Exercise objective
Only lines containing the word "invented" belong in the answer; copy each one from the records.

Data under study

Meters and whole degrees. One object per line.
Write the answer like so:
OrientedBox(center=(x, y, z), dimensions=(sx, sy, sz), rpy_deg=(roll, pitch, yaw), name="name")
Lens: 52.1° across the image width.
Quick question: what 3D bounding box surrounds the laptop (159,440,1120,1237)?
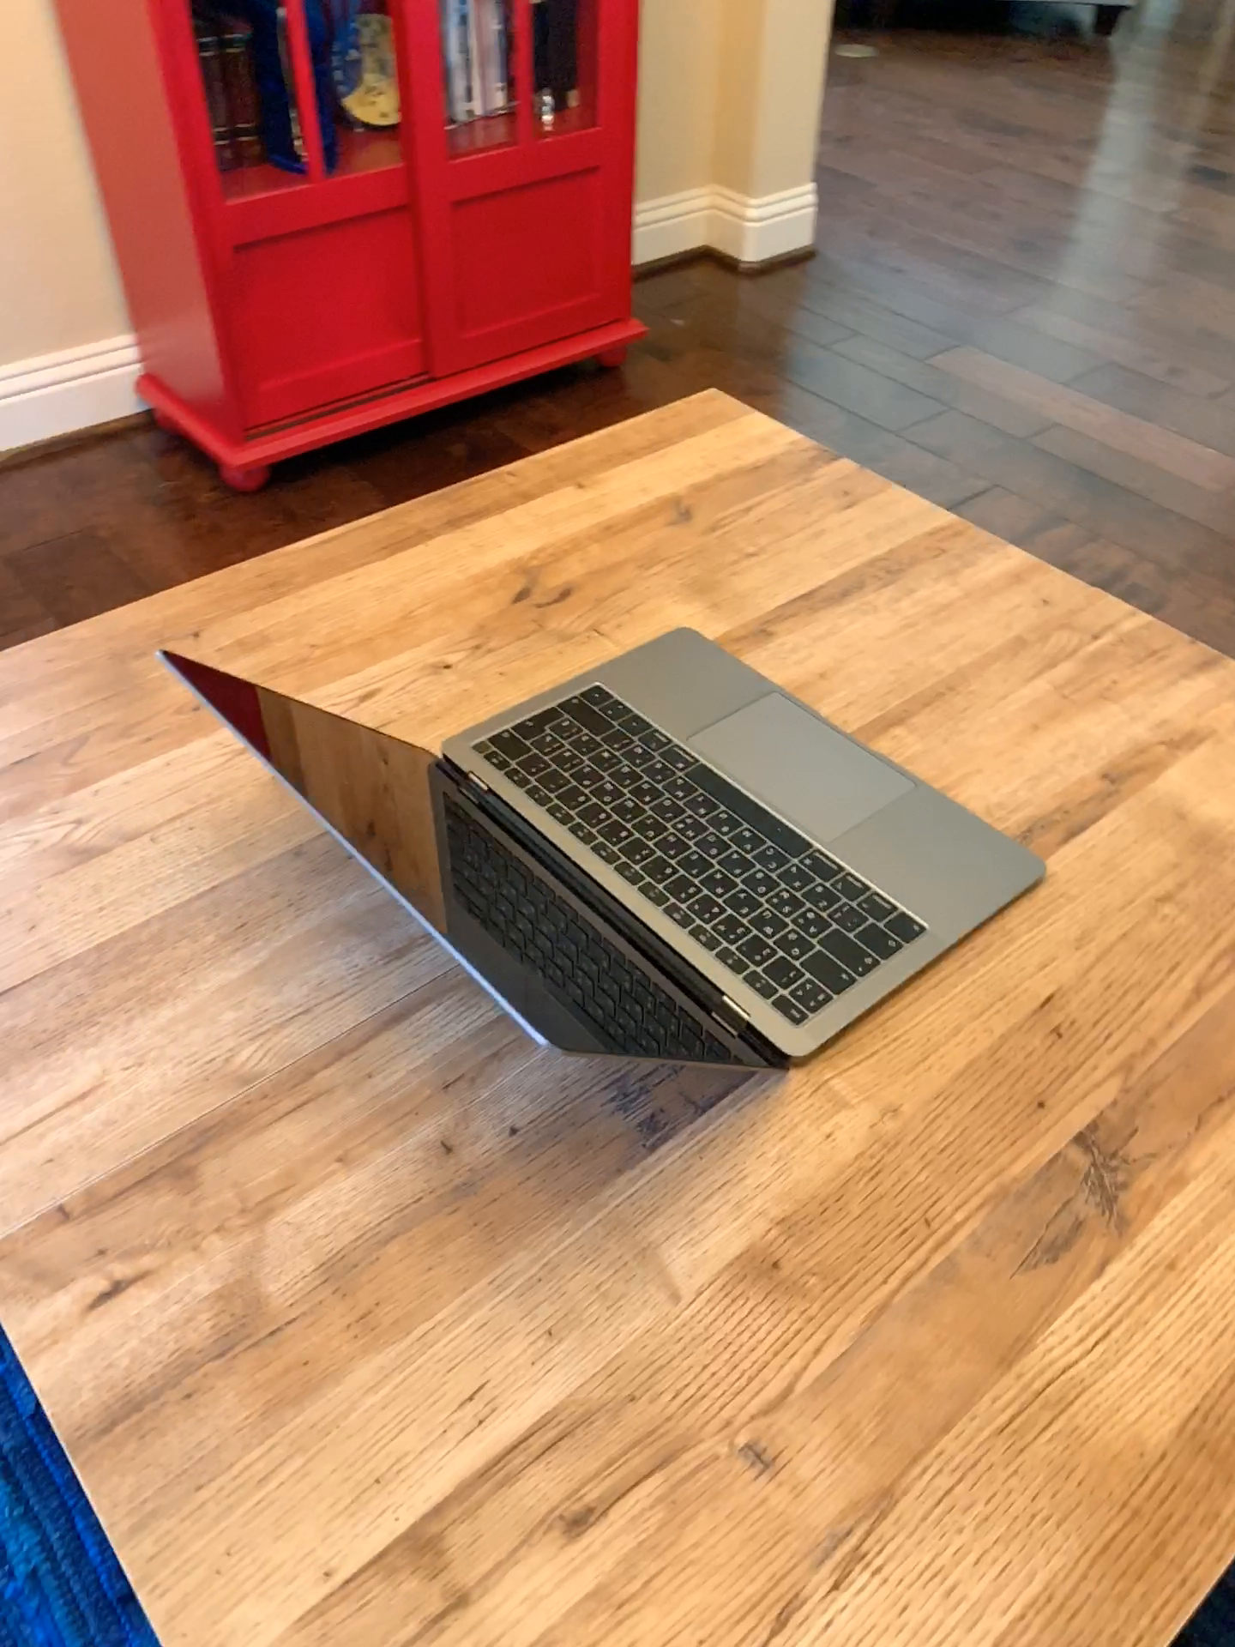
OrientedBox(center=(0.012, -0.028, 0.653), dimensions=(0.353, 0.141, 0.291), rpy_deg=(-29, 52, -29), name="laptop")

...

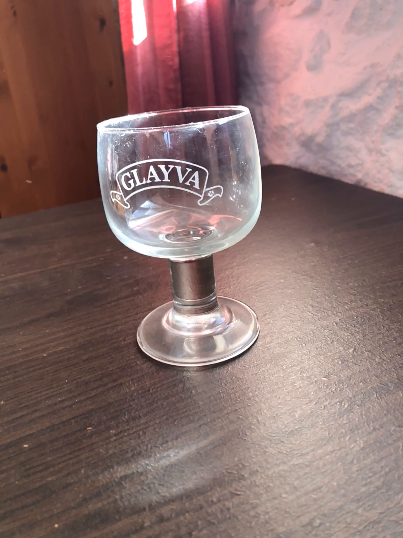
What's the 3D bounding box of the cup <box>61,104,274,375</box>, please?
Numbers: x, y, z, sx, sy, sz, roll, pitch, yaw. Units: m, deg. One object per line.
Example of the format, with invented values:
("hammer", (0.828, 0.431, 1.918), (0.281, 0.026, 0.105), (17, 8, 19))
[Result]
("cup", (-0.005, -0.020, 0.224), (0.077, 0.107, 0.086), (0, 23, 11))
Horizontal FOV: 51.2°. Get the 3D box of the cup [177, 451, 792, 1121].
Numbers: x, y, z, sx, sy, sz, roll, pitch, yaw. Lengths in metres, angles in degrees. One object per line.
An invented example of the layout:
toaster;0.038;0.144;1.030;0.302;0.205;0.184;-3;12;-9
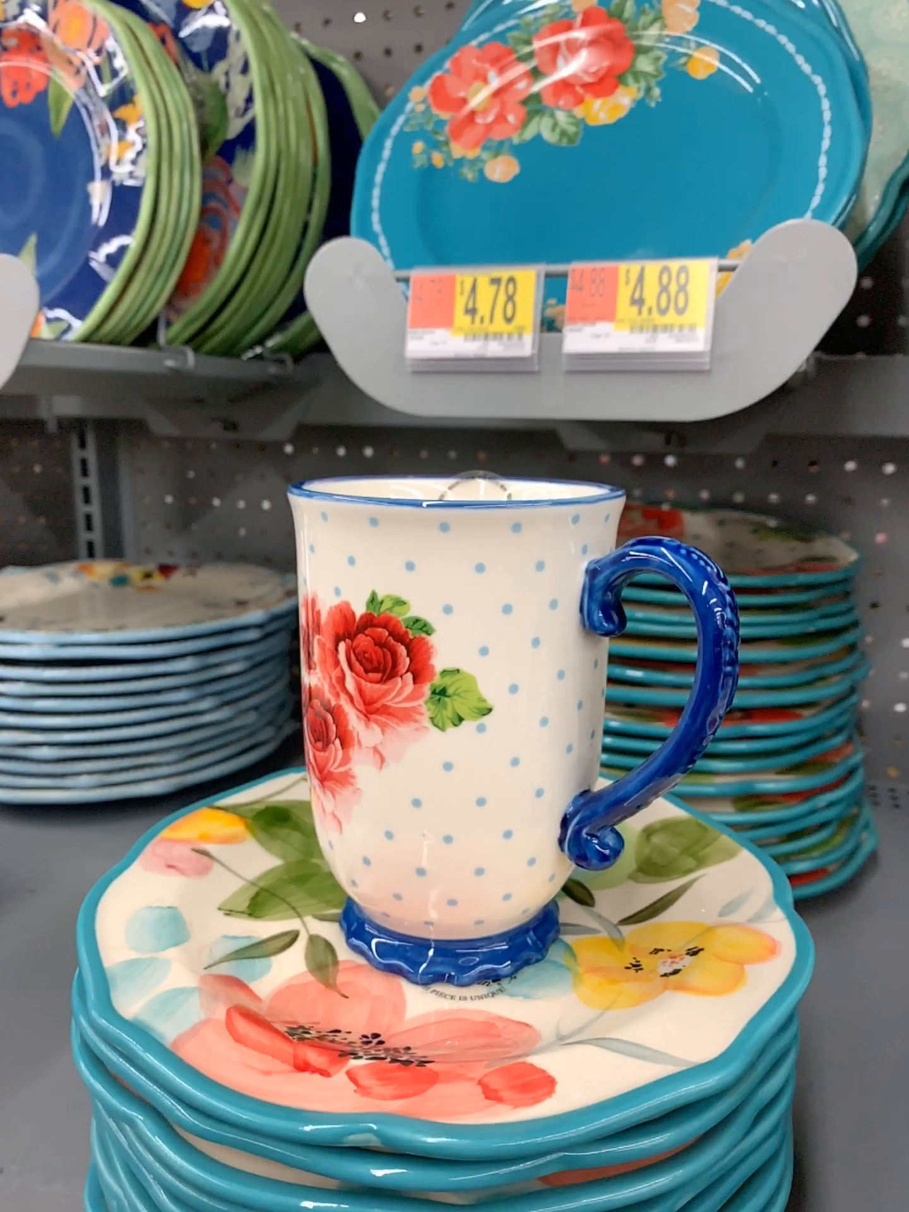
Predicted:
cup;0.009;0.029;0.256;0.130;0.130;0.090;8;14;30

Response to the task
Example of the format, with invented values:
An invented example of the layout:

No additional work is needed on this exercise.